Saturday, January 14, 2006
The current Journal of the American Geriatrics Society has a study on ICU mortality for those 90 years old & older. It is a prospective cohort study in a single Greek ICU comparing mortality for those over 90 with other patients. ICU mortality for the oldest was 20%, and 30 day in-hospital mortality was 40% (compared to 7% and 9%, respectively, for those under 90 years old). Interestingly, ICU mortality for those in their 80's was 11%, half of that for those in the next decade. Functional status for those who left the hospital alive was not measured, although most were discharged home. APACHE II score was the only independent predictor of mortality for the oldest old.

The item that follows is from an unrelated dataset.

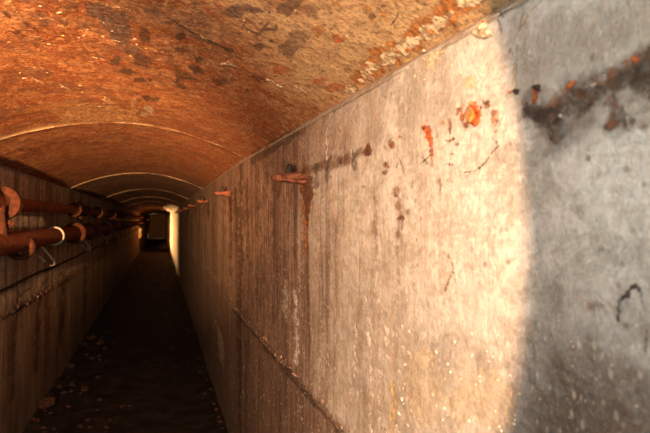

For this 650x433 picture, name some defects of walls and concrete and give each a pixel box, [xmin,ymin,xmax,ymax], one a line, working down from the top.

The authors set this data against what they suggest is a movement to a priori deny ICU care to the oldest old as a cost/resource savings measure. If this movement, in any organized or serious form, actually exists anywhere I'd be curious to see. They conclude that age alone can't be used to deny people ICU care because these outcomes aren't all that bad. Well, yes & no. Advanced age does carry with it a much higher risk of mortality ( 4.5 times higher in this study!), and if one were to ration ICU services based on likelihood of benefit then age would need be part of this mix. But if one were to do this then APACHE II scores would probably need to be a part of this mix as well, as the APACHE II strongly predicts mortality. This would then lead to an argument of denying ICU care to those who are sickest--who need it the most--which is ridiculous. The issue then, which strikes me as a false one, is the idea of denying ICU services to any broad group of people a priori. Use of the ICU--or any medical intervention--should be decided individually, based on an individual's comorbidities (including age), severity of illness, goals of care, and values. This is harder, messier, and more labor-intensive than the use of demographics as a clinical decision-making tool, but that's a good thing in my opinion.